What if the tiles were installed on particle board?


----------



## Evapman (Mar 28, 2007)

I've done this before and had no problems, layed red rosin paper down over the tile for squeek stoppage.


----------



## jamestrd (Oct 26, 2008)

depends on the thickness of the particle board.. assuming it was just an underlayment placed over the subfloor and no thicker that 1/2" then yes... 

2 inch cleats/staples will drive through all surfaces and enter the subfloor and will hold no problem.if the partcile board is thicker, that I will say not ,as there will be no entry to the subfloor and you will be relying on the particle board to hold nails, which it can not do sufficiently for wood flooring.


----------



## PrecisionFloors (Jan 24, 2006)

jamestrd said:


> depends on the thickness of the particle board.. assuming it was just an underlayment placed over the subfloor and no thicker that 1/2" then yes...
> 
> 2 inch cleats/staples will drive through all surfaces and enter the subfloor and will hold no problem.if the partcile board is thicker, that I will say not ,as there will be no entry to the subfloor and you will be relying on the particle board to hold nails, which it can not do sufficiently for wood flooring.


WRONG. Particle board is Not an approved or recommended substrate for a mechanically fastened floor.

Regardless of whats covering it...

Using geometry, tell me how much of a 2" fastener would be penetrating the subfloor in the scenario you state above, with 3/4" hardwood and even 1/2" pb (which I've only seen 5/8" used as an underlayment)?


----------



## Floorwizard (Sep 24, 2003)

> WRONG. Particle board is Not an approved or recommended substrate for a mechanically fastened floor.


But what if the cleats are long enough to penetrate deep into the subfloor?


----------



## PrecisionFloors (Jan 24, 2006)

PrecisionFloors said:


> WRONG. Particle board is Not an approved or recommended substrate for a mechanically fastened floor.
> 
> Regardless of whats covering it...
> 
> *Using geometry, tell me how much of a 2" fastener would be penetrating the subfloor in the scenario you state above, with 3/4" hardwood and even 1/2" pb (which I've only seen 5/8" used as an underlayment)?*


 This


----------



## jamestrd (Oct 26, 2008)

capt chaos..

its not a substrate, its an underlayment..

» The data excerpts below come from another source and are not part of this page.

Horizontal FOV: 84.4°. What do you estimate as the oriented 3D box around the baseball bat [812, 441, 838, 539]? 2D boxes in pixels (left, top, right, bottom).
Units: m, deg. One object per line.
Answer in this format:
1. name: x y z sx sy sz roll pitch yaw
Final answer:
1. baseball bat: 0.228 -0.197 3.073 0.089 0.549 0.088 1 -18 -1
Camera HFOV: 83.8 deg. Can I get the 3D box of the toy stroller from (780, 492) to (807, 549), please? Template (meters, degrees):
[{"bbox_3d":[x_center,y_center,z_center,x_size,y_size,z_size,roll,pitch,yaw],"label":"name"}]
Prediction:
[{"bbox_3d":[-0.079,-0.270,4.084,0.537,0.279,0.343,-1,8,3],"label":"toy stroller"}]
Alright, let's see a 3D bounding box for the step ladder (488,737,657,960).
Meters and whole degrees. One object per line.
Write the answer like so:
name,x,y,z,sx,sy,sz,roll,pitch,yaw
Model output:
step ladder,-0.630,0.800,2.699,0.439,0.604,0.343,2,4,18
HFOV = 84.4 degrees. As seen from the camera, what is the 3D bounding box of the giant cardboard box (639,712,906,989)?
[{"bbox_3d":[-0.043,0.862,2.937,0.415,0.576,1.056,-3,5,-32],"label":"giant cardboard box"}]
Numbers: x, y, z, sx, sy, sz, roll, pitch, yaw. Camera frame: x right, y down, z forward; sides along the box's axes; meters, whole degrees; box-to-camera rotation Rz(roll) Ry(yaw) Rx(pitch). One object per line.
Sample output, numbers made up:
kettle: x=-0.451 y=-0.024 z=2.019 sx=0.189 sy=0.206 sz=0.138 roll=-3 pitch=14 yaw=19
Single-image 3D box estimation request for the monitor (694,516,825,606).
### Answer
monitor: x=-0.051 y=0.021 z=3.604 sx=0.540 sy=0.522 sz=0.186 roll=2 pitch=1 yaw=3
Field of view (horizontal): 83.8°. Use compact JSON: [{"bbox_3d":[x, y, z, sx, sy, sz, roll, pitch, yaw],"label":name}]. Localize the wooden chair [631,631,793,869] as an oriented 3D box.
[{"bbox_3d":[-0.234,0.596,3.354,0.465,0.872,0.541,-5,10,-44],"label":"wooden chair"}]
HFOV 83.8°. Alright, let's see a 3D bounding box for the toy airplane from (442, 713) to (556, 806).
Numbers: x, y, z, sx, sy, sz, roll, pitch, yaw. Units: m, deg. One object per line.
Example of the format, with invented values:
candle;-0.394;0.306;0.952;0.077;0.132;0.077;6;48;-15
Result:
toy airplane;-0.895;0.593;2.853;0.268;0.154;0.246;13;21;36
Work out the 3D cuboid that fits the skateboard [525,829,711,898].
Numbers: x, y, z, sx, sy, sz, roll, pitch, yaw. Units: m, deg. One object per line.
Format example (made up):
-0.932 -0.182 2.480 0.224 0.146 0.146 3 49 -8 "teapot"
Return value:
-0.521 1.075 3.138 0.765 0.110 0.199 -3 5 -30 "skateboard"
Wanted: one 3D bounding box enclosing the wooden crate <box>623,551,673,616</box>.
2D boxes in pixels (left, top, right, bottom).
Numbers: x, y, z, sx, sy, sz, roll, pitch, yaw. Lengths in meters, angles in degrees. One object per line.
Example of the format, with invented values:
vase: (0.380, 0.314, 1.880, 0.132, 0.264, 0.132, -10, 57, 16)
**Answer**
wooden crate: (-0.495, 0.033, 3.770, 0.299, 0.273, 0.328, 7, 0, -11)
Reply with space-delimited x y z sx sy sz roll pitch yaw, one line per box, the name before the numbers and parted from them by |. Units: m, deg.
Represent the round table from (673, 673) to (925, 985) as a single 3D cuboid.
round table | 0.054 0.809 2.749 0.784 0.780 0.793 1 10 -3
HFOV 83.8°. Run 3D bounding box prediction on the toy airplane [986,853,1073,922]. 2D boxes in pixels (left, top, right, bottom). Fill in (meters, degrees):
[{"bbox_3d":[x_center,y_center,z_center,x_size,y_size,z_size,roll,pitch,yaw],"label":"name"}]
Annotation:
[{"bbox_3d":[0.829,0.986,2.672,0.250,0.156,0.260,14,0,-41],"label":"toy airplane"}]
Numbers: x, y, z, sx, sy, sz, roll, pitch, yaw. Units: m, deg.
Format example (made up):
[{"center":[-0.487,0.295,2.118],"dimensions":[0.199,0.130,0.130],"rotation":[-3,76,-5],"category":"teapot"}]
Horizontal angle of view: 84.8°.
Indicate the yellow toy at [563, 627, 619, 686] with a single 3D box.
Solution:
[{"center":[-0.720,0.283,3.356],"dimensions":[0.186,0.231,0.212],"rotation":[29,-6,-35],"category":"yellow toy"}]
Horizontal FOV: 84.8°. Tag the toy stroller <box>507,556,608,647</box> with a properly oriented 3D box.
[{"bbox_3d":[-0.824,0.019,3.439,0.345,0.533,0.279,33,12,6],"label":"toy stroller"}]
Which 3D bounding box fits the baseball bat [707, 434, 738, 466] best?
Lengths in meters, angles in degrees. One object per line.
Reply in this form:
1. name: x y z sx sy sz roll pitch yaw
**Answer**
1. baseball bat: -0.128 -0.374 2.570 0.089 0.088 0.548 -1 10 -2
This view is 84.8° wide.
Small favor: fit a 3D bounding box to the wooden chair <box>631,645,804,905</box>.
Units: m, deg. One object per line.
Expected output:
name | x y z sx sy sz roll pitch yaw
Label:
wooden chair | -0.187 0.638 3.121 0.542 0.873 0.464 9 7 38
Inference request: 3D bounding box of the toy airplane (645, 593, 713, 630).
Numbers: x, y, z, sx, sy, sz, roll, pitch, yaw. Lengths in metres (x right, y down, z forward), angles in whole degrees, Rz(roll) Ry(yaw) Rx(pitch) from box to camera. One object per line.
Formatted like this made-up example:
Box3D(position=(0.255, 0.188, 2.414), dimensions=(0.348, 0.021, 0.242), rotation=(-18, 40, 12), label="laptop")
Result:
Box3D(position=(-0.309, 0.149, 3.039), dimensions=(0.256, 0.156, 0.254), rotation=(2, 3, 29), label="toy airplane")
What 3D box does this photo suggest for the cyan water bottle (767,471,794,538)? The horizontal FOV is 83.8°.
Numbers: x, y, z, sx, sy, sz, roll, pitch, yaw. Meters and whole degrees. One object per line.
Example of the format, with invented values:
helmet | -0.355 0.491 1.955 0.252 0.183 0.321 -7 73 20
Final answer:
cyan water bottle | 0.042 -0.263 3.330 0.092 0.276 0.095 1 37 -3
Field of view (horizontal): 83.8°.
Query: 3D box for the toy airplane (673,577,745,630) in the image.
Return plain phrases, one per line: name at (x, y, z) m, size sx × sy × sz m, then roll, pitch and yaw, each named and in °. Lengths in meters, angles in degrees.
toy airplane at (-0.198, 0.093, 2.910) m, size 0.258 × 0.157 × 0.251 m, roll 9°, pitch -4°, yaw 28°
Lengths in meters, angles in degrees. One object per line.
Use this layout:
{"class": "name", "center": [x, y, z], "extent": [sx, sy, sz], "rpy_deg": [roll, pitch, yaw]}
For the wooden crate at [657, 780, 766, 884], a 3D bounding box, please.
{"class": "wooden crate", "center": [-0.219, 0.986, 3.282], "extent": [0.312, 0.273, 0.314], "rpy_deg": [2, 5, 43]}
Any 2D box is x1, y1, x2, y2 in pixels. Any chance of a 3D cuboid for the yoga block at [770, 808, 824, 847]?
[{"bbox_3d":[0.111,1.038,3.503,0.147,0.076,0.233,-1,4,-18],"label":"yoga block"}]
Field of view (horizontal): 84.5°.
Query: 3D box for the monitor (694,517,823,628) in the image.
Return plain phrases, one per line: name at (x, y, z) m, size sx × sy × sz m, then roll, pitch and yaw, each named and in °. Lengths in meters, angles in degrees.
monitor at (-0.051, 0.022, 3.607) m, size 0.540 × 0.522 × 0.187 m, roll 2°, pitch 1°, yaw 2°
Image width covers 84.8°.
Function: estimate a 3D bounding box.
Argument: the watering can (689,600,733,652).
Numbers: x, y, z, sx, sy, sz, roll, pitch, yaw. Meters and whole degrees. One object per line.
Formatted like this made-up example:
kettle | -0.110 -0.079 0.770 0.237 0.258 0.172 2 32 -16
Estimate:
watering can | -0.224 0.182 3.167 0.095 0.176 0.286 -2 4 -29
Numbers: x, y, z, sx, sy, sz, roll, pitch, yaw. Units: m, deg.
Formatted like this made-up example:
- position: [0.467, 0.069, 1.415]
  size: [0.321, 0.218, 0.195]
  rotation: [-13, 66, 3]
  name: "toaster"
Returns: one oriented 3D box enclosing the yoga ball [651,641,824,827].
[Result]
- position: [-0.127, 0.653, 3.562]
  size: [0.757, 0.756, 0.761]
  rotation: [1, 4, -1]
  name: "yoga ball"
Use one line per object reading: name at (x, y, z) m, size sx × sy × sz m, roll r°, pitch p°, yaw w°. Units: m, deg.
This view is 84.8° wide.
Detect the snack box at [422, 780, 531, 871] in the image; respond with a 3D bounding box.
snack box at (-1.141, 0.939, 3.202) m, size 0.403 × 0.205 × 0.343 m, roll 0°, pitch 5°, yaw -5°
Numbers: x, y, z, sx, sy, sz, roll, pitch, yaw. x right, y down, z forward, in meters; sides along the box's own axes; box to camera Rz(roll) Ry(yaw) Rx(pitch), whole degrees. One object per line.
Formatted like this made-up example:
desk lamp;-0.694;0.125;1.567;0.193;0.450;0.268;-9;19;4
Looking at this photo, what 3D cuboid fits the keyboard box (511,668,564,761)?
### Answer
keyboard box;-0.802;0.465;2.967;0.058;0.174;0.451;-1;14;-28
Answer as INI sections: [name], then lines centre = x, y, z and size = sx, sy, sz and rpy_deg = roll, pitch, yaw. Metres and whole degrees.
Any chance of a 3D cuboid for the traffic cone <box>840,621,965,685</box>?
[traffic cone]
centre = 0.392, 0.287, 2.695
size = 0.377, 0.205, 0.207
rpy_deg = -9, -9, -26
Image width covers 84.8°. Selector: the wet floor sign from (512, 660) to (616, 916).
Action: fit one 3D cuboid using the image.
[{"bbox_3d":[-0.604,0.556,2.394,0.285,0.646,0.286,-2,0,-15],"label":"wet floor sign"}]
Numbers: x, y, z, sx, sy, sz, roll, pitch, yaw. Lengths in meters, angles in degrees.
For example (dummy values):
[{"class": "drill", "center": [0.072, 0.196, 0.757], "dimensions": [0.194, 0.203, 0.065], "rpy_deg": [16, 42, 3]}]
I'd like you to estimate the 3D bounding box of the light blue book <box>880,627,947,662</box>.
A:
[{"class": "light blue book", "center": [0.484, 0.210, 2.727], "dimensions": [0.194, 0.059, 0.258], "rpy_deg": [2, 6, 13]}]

2" cleats penetrate through 3/4 HW and plywood by 1/2" so do the math... 3/4 hardwood 1/2" particle board -penetration to subfloor =3/4"

school is out


----------



## jamestrd (Oct 26, 2008)

"But what if the cleats are long enough to penetrate deep into the subfloor?"


thats what I said... yes, if nails will enter subflooring, then yes and using simple "geometry" and noting math never lies, then see above post...

if the nails will not enter subflooring, then absoultely not and it must be removed and never install over partcile board as a sole substrate....and believe it or not, i have seen it..


----------